I'd considered moving into painting today, but I found I had space to sing, so recorded the vocals for 'More'. I'd planned for many layers initially, but these were gradually paired down, and in the end only a sole lead vocal was used. The rest of the day was spent adding those vocals and making a million tiny changes to the song, including adding the organ solo which was played live then quantised in MIDI, for the sake of two notes which were annoyingly out of place.
Then some more stabby organs in the main song (these are all sequenced, they're crude Korg samples), and finally a telephone effect and other little things. I'm thinking that it might be nice to have a phone conversation in here.
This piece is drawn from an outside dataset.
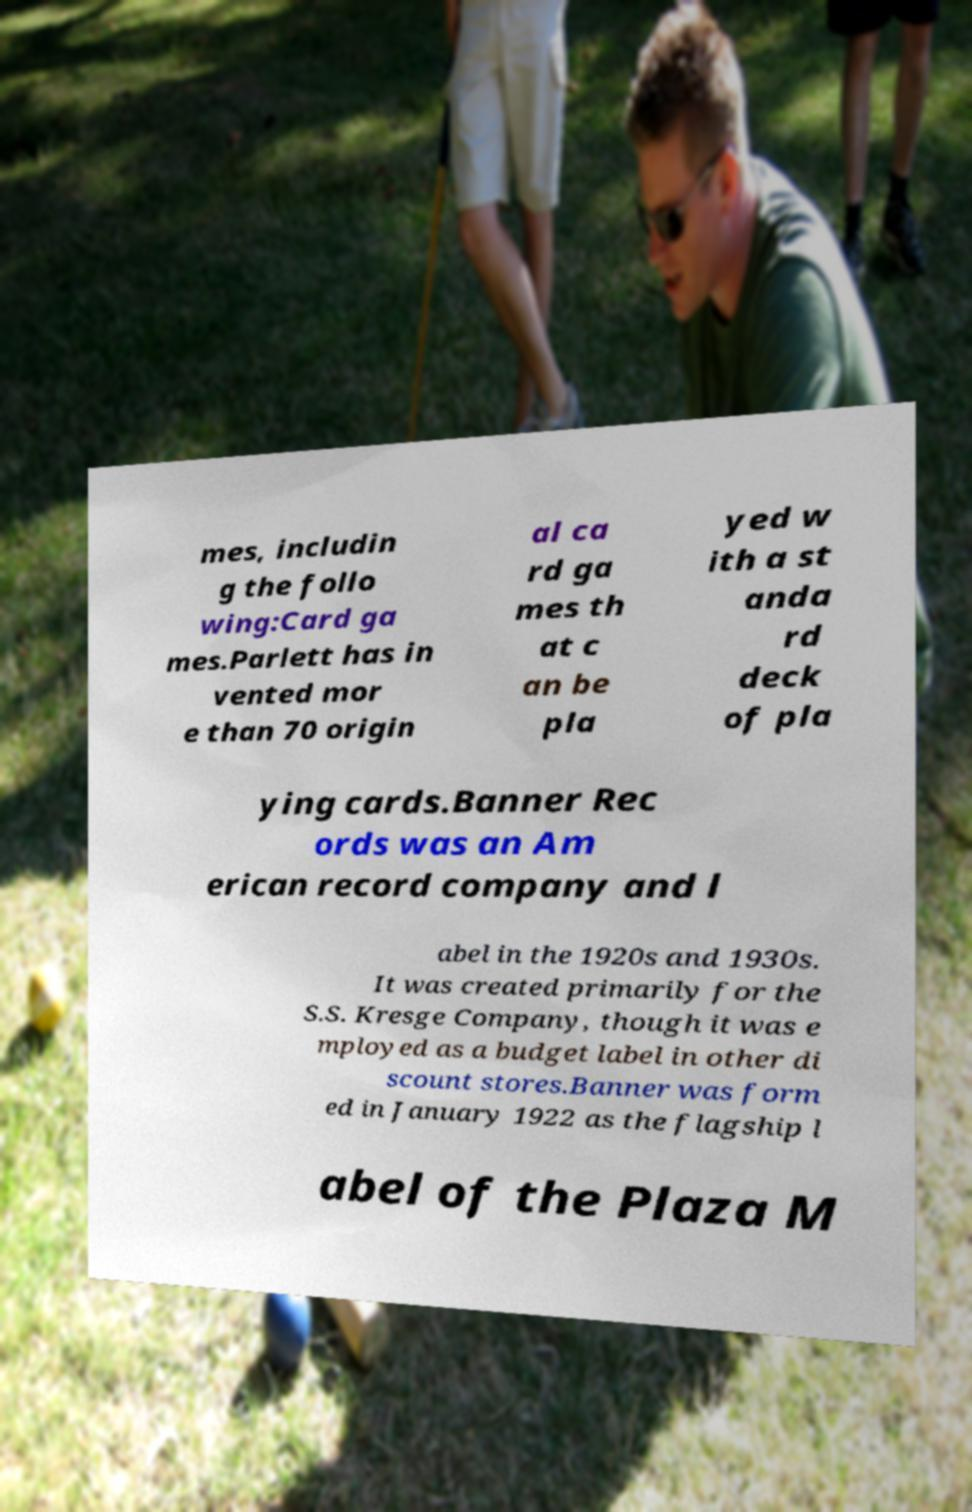Can you accurately transcribe the text from the provided image for me? mes, includin g the follo wing:Card ga mes.Parlett has in vented mor e than 70 origin al ca rd ga mes th at c an be pla yed w ith a st anda rd deck of pla ying cards.Banner Rec ords was an Am erican record company and l abel in the 1920s and 1930s. It was created primarily for the S.S. Kresge Company, though it was e mployed as a budget label in other di scount stores.Banner was form ed in January 1922 as the flagship l abel of the Plaza M

I've re-listened to a few older songs today. Not too old, from Remembrance Service and The Golden Age; two, three years. Mike Drew said that The Golden Age was my best album, or at least his favourite of the ones he's heard, which are only the two since it. The Golden Age songs are the more rocky than the albums after that, and I can agree with him while appreciating the good songs on the other albums too. I remember how I was happy with Remembrance Service at the time, that it sounded good and produced well, but now it sounds in need of better mixing; too heavy in bass and the vocals too quiet. We Robot was the first album which to use the oh-so-useful spectrum analysis feature in Prometheus.
I can do better now. All of the albums since 2020 were experiments, intended to be re-mastered later. Only The Dusty Mirror has been redone so far. I can't wait to do the others, but making new work is more important than polishing old work.
My singing is certainly better today than ever before. How much better some of those old songs could be (though there's no way I'd mess with the expressive vocals on tracks like Be My Jesus). I must add more feeling to songs. Quality of production must not compromise emotion, but this tightrope is easily fallen off, especially today. Good art is an equal balance of order and chaos, no more, no less.
What next for art? Who can say. I must learn to slow down a little. I must roll my rock rather than push with all of my intense might and speed.